• **Exercise directions**:
All lines holding the word "Please" are to be copied from the records beneath.

Collected data:
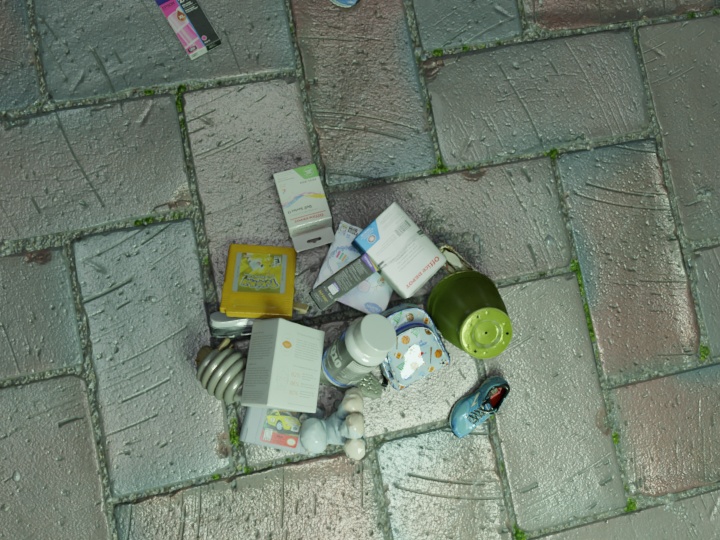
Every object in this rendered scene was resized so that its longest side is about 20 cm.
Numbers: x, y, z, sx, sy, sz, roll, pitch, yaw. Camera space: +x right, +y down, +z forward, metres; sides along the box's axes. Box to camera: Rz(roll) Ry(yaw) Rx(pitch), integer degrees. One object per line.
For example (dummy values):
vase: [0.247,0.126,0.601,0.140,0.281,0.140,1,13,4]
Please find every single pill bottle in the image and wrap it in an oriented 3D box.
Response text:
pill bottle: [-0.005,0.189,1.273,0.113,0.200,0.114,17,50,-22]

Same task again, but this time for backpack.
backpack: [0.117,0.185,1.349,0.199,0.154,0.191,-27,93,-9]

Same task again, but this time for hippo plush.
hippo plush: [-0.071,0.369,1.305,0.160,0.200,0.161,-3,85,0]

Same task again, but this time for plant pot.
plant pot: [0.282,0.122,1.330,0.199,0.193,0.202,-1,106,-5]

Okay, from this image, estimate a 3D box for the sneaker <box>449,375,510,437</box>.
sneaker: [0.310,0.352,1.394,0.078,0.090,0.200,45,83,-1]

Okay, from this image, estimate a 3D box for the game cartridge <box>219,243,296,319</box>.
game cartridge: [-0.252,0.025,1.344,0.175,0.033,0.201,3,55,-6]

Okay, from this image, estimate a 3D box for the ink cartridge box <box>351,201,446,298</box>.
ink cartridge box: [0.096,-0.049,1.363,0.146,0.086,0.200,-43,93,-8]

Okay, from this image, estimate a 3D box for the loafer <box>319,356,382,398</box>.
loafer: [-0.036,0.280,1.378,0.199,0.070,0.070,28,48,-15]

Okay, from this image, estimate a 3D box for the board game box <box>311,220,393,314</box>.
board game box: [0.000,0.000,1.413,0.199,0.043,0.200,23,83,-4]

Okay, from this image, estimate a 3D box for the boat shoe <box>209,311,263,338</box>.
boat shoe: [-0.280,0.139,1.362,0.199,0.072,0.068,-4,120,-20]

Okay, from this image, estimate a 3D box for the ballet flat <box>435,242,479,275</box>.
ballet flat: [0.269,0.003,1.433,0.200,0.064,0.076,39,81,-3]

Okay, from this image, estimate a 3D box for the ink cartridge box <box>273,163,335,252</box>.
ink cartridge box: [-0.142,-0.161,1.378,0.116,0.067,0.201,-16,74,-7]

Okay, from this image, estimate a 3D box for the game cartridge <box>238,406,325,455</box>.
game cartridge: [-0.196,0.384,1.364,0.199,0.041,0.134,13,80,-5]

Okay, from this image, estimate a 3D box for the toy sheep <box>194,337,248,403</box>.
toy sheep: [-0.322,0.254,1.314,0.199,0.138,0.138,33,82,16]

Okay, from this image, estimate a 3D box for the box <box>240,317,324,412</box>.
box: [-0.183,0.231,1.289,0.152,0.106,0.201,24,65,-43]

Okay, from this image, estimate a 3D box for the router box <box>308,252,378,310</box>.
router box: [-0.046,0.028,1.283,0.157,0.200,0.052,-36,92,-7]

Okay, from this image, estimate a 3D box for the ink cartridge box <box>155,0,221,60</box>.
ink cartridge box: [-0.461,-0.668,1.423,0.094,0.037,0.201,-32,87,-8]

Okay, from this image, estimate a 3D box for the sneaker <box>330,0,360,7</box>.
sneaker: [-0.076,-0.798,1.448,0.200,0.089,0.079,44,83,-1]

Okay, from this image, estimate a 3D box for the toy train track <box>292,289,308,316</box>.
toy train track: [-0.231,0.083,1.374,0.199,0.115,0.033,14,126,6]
* * *
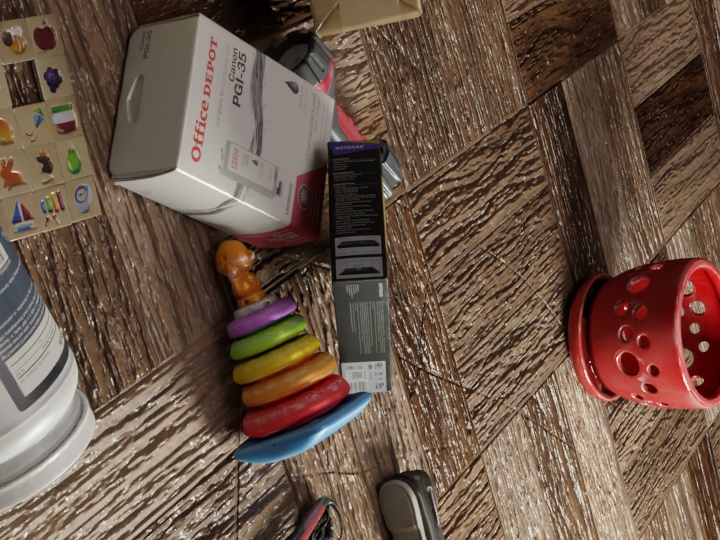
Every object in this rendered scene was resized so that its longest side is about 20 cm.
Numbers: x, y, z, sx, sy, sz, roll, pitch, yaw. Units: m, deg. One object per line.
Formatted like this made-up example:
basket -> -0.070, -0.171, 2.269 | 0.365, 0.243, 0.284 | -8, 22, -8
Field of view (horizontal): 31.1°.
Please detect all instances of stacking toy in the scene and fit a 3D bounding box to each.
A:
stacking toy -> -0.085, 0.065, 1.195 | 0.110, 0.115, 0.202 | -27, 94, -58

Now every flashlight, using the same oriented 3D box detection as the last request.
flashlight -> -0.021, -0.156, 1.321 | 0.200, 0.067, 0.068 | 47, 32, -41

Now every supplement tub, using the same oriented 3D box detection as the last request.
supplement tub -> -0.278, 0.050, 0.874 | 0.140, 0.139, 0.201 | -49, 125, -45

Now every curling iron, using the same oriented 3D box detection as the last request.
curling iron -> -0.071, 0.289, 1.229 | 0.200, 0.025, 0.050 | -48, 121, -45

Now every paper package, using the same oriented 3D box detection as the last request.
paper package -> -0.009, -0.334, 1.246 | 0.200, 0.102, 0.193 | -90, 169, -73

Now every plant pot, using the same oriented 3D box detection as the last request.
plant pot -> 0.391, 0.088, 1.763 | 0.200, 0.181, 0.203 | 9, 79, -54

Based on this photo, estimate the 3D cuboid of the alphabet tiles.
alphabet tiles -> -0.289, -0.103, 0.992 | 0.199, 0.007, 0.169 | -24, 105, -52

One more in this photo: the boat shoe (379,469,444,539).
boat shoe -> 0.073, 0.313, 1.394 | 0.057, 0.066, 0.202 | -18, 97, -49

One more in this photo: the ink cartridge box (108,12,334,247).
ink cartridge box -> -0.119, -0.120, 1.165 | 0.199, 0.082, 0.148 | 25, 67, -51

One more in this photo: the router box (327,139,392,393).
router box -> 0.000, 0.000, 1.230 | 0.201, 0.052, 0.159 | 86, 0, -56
--
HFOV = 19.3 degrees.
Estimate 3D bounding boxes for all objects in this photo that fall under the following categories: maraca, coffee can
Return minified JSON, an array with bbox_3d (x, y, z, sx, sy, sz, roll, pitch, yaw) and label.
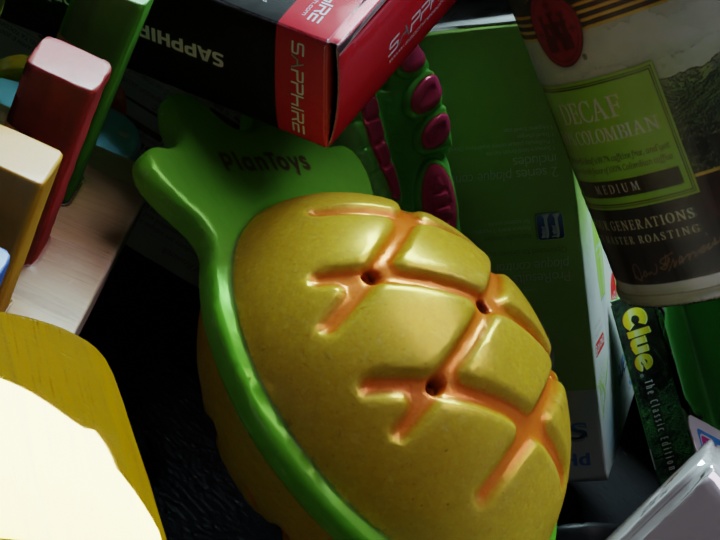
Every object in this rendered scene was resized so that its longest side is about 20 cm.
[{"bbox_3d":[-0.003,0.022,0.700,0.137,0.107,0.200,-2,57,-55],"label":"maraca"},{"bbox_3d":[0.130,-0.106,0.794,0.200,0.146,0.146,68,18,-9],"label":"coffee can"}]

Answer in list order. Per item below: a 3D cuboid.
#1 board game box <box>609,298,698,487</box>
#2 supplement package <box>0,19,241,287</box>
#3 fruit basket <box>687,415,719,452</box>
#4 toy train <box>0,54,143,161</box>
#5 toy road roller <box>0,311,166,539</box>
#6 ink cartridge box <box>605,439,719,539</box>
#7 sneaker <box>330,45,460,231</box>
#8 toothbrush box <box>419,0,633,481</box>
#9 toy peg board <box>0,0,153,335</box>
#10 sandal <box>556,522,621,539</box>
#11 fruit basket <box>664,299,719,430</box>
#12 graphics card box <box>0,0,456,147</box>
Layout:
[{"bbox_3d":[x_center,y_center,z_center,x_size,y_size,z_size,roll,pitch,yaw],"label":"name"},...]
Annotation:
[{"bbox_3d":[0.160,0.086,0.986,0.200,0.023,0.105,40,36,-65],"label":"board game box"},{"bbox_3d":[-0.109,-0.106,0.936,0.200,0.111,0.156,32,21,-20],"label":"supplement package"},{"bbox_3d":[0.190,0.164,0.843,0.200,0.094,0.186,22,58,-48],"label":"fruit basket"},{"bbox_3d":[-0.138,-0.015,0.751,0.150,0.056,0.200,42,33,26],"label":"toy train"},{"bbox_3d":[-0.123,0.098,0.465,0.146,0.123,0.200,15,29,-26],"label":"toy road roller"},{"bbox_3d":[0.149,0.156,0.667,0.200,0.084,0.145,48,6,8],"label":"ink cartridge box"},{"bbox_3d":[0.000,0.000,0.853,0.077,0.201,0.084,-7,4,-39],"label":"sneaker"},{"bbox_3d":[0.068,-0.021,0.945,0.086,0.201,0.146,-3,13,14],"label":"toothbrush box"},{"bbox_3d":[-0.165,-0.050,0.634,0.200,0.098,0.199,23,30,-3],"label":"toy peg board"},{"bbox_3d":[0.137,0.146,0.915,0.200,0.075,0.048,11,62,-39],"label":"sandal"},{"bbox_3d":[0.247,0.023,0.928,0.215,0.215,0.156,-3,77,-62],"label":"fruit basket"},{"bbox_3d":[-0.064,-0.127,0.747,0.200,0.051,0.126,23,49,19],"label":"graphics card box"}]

• **Answer for this exercise**:
Please find every single pill bottle in the image and wrap it in an oriented 3D box.
Please detect all instances of stacking toy in the scene and fit a 3D bounding box to each.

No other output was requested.